In [5]:
from deap import base, creator, tools
from rdkit import RDLogger
from rdkit import Chem
from rdkit.Chem import Descriptors
from rdkit.Chem import Lipinski
from ml_models.classifier import Classifier
from tqdm import tqdm
import pandas as pd
import numpy as np
import random

In [6]:
THEO_SMILES = 'N1C=NC2=C1C(=O)N(C)C(=O)N2C'
data = pd.read_csv('../data/database_CCDC.csv', header=None)
data.columns = ['smiles']
data.head()

Unnamed: 0,smiles
0,CC1(C)C(=O)NC1S(=O)(=O)C1=CC=CC=C1
1,CC1C(=O)NC1S(=O)(=O)C1=CC=CC=C1
2,OC1=CC=CC(O)=C1
3,C(=CC1=CC=NC=C1)C1=CC=NC=C1
4,C1=NC=CC(C2C(C3=CC=NC=C3)C(C3=CC=NC=C3)C2C2=CC...


### Классы для дополниельных оценок

In [7]:
class SARCalculator:
    """Класс для оценки сложности синтеза молекул (SAR) по шкале 0-1"""

    def __init__(self):
        self.MIN_SAR = 1.0
        self.MAX_SAR = 5.0

    def _estimate_synthesis_steps(self, mol):
        return min(5, max(1, int(mol.GetNumAtoms() / 10)))

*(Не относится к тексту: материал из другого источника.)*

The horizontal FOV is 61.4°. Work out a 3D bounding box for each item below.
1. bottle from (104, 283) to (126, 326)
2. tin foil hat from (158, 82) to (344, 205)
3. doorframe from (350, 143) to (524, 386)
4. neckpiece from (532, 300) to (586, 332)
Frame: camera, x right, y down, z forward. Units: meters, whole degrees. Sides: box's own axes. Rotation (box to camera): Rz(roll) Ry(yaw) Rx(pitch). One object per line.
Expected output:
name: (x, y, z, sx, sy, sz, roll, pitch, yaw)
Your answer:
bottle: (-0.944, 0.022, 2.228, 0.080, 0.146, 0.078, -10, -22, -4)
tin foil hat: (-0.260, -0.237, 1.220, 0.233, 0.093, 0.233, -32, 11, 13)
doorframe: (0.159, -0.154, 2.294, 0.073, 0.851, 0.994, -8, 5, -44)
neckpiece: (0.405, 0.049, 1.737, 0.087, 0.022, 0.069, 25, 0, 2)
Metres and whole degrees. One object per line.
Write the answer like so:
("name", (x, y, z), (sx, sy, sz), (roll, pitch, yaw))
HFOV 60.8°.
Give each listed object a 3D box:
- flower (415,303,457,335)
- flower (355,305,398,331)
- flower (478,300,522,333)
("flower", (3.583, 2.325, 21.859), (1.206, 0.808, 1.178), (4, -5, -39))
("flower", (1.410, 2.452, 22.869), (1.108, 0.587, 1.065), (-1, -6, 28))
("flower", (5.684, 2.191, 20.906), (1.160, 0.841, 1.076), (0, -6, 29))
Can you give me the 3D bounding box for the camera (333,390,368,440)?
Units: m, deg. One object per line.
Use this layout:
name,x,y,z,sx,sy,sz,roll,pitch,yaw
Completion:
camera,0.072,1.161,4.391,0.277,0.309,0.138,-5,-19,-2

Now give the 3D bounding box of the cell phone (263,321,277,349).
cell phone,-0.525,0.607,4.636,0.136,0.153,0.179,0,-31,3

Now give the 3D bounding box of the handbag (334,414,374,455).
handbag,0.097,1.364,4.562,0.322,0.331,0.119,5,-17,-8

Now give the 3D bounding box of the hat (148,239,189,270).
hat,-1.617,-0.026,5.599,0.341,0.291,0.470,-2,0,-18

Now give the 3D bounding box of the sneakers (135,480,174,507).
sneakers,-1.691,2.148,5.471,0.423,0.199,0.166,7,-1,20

    def _estimate_reaction_conditions(self, mol):
        if THEO_SMILES in Chem.MolToSmiles(mol):
            return 0.1  # Базовый теофиллин - простые условия
        return min(1.0, Descriptors.NumRadicalElectrons(mol) * 0.2 + Descriptors.NumRotatableBonds(mol) * 0.05)

    def _predict_yield(self, mol):
        complexity_factor = Descriptors.MolLogP(mol) / 10
        return max(0.1, 1.0 - complexity_factor)

    def _chromatography_complexity(self, mol):
        return min(1.0, Descriptors.NumRotatableBonds(mol) * 0.15 + Descriptors.TPSA(mol) * 0.005)

    def calculate_normalized_SAR(self, smiles):
        mol = Chem.MolFromSmiles(smiles)
        if not mol:
            return 0.0

        components = {
            'steps': self._estimate_synthesis_steps(mol),
            'conditions': self._estimate_reaction_conditions(mol),
            'yield': self._predict_yield(mol),
            'chromatography': self._chromatography_complexity(mol)
        }

        weights = [0.4, 0.3, 0.2, 0.1]
        raw_sar = np.dot(weights, [
            components['steps'],
            components['conditions'] * 5,
            5 * (1 - components['yield']),
            components['chromatography'] * 5
        ])

        normalized_sar = (raw_sar - self.MIN_SAR) / (self.MAX_SAR - self.MIN_SAR)
        return max(0.0, min(1.0, normalized_sar))

In [8]:
class CocrystalEvaluator:
    """Класс для оценки ко-кристаллизации теофиллина (шкала 0-1)"""

    def __init__(self):
        self.theo_smiles = THEO_SMILES
        self.theo_mol = Chem.MolFromSmiles(self.theo_smiles)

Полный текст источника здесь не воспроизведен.